[Start of section]
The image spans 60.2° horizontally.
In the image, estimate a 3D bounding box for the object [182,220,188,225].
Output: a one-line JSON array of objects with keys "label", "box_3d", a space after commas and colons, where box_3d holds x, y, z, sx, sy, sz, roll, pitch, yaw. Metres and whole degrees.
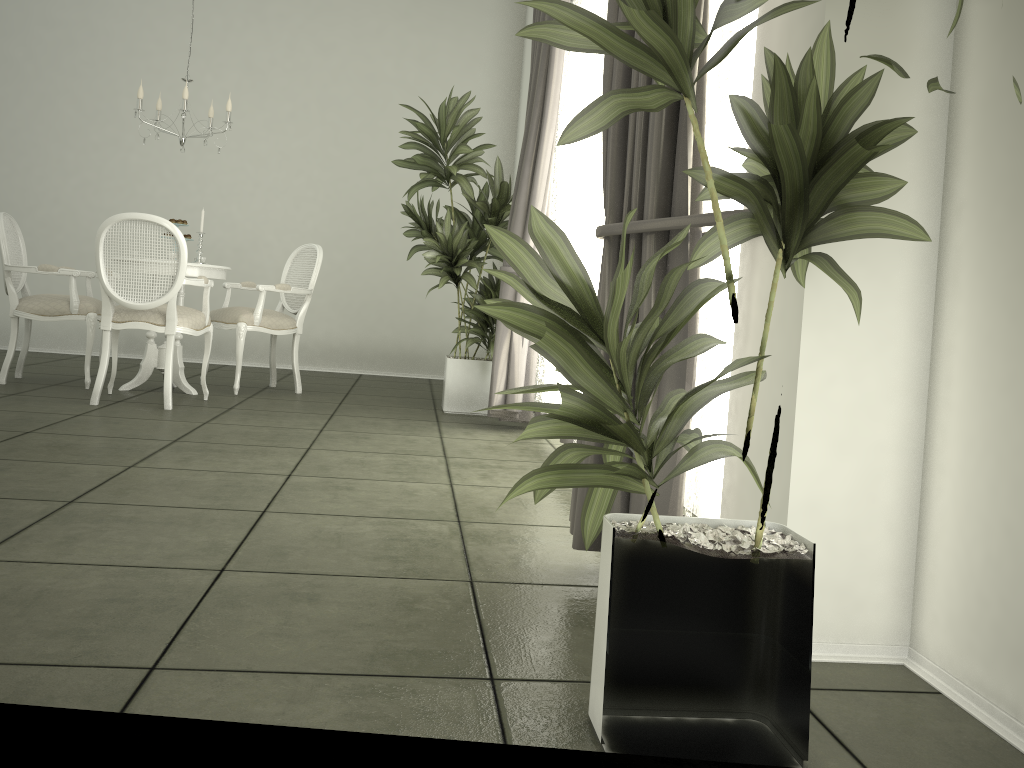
[{"label": "object", "box_3d": [-2.113, -1.042, 5.699, 0.039, 0.032, 0.039, 5, 3, 14]}]

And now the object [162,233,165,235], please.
[{"label": "object", "box_3d": [-2.234, -0.961, 5.685, 0.039, 0.032, 0.039, 2, 4, -41]}]

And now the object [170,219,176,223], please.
[{"label": "object", "box_3d": [-2.170, -1.043, 5.656, 0.039, 0.032, 0.039, 4, 3, -1]}]

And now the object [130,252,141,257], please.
[{"label": "object", "box_3d": [-2.458, -0.833, 5.745, 0.078, 0.049, 0.062, 5, 3, 3]}]

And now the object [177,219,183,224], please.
[{"label": "object", "box_3d": [-2.129, -1.040, 5.661, 0.039, 0.032, 0.039, 7, 3, 39]}]

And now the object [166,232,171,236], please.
[{"label": "object", "box_3d": [-2.190, -0.953, 5.626, 0.039, 0.032, 0.039, 7, 4, 44]}]

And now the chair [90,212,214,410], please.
[{"label": "chair", "box_3d": [-2.071, -0.419, 5.056, 0.594, 1.064, 0.691, 4, 1, -6]}]

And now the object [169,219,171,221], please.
[{"label": "object", "box_3d": [-2.195, -1.048, 5.689, 0.039, 0.032, 0.039, 5, 3, 14]}]

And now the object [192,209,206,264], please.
[{"label": "object", "box_3d": [-1.974, -0.942, 5.604, 0.087, 0.365, 0.088, 5, 0, -29]}]

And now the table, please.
[{"label": "table", "box_3d": [-2.228, -0.370, 5.697, 0.739, 0.830, 0.742, 4, 2, -10]}]

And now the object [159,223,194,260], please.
[{"label": "object", "box_3d": [-2.165, -0.906, 5.693, 0.211, 0.249, 0.210, 5, 2, 26]}]

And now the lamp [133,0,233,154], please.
[{"label": "lamp", "box_3d": [-2.048, -2.732, 5.708, 0.592, 2.439, 0.594, 5, 0, -29]}]

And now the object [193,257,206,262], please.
[{"label": "object", "box_3d": [-2.083, -0.821, 5.890, 0.077, 0.049, 0.063, 3, 3, -27]}]

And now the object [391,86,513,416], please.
[{"label": "object", "box_3d": [-0.252, -0.868, 5.894, 1.041, 2.097, 1.161, 5, 1, 11]}]

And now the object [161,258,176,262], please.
[{"label": "object", "box_3d": [-2.122, -0.766, 5.485, 0.118, 0.016, 0.119, 3, 5, -17]}]

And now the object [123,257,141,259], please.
[{"label": "object", "box_3d": [-2.410, -0.799, 5.601, 0.118, 0.016, 0.119, 3, 5, -17]}]

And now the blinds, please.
[{"label": "blinds", "box_3d": [0.430, -0.893, 3.802, 0.660, 2.600, 3.672, 4, 3, -7]}]

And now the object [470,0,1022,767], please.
[{"label": "object", "box_3d": [0.426, -0.436, 1.395, 1.041, 2.097, 1.161, 5, 1, 11]}]

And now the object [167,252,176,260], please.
[{"label": "object", "box_3d": [-2.113, -0.789, 5.482, 0.078, 0.049, 0.062, 6, 3, 26]}]

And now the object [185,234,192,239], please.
[{"label": "object", "box_3d": [-2.088, -0.951, 5.702, 0.039, 0.032, 0.039, 6, 3, 34]}]

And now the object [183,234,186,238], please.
[{"label": "object", "box_3d": [-2.132, -0.960, 5.760, 0.039, 0.032, 0.039, 7, 4, 44]}]

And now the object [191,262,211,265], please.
[{"label": "object", "box_3d": [-2.078, -0.797, 5.893, 0.118, 0.016, 0.119, 4, 5, -7]}]

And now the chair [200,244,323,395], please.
[{"label": "chair", "box_3d": [-1.727, -0.488, 6.189, 0.688, 1.064, 0.597, 4, 1, -41]}]

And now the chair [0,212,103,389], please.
[{"label": "chair", "box_3d": [-2.953, -0.538, 5.654, 0.688, 1.064, 0.596, 4, 1, -16]}]
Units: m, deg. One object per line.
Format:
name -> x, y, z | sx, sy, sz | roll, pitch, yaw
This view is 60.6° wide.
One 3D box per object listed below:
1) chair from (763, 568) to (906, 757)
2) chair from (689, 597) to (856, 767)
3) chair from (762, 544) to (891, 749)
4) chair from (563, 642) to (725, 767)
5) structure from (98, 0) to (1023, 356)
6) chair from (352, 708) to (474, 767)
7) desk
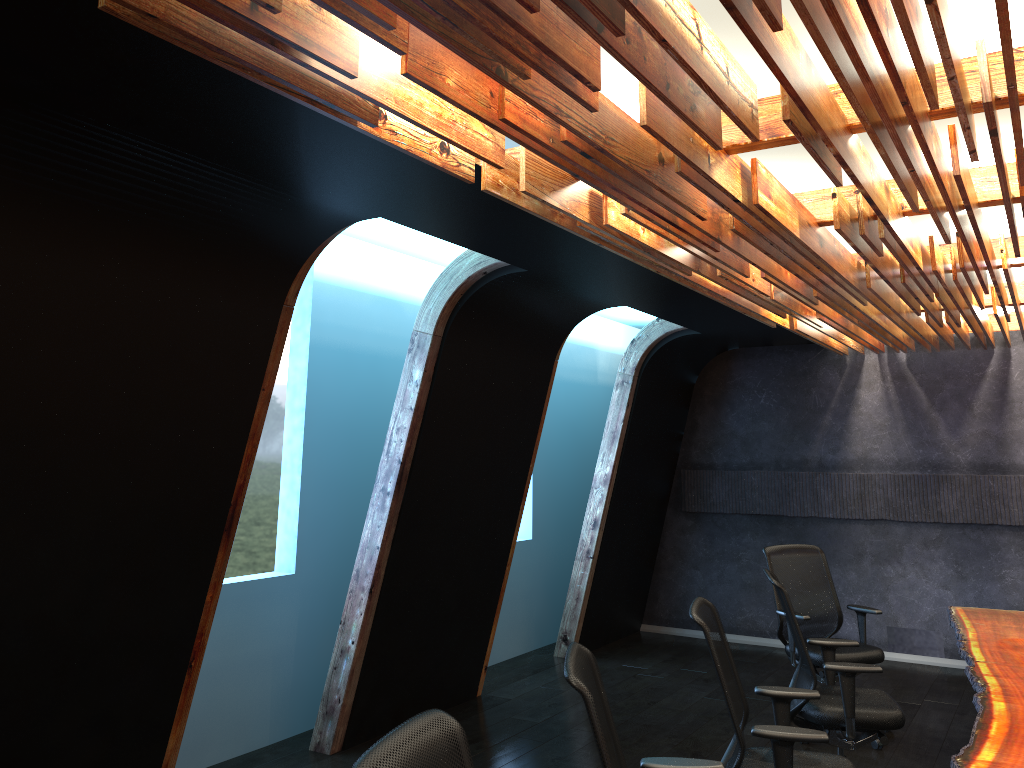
chair -> 1.855, 1.705, 4.893 | 0.796, 1.265, 0.796 | -1, -11, 11
chair -> 1.197, 1.604, 3.761 | 0.795, 1.265, 0.797 | -2, -11, 16
chair -> 2.278, 1.823, 6.265 | 0.814, 1.265, 0.778 | 5, -11, -24
chair -> 0.568, 1.514, 2.753 | 0.796, 1.265, 0.796 | -1, -10, 6
structure -> 2.308, 0.495, 2.942 | 4.501, 3.053, 11.319 | -4, -7, 31
chair -> 0.087, 1.433, 1.841 | 0.795, 1.265, 0.797 | -2, -11, 16
desk -> 2.397, 1.772, 3.168 | 2.024, 0.834, 6.571 | -3, -6, 32
[End of section]
WHAT IS REQUIRED >> Return every line in the listing that contains the word "from".

TASK RESPONSE >>
1) chair from (763, 568) to (906, 757)
2) chair from (689, 597) to (856, 767)
3) chair from (762, 544) to (891, 749)
4) chair from (563, 642) to (725, 767)
5) structure from (98, 0) to (1023, 356)
6) chair from (352, 708) to (474, 767)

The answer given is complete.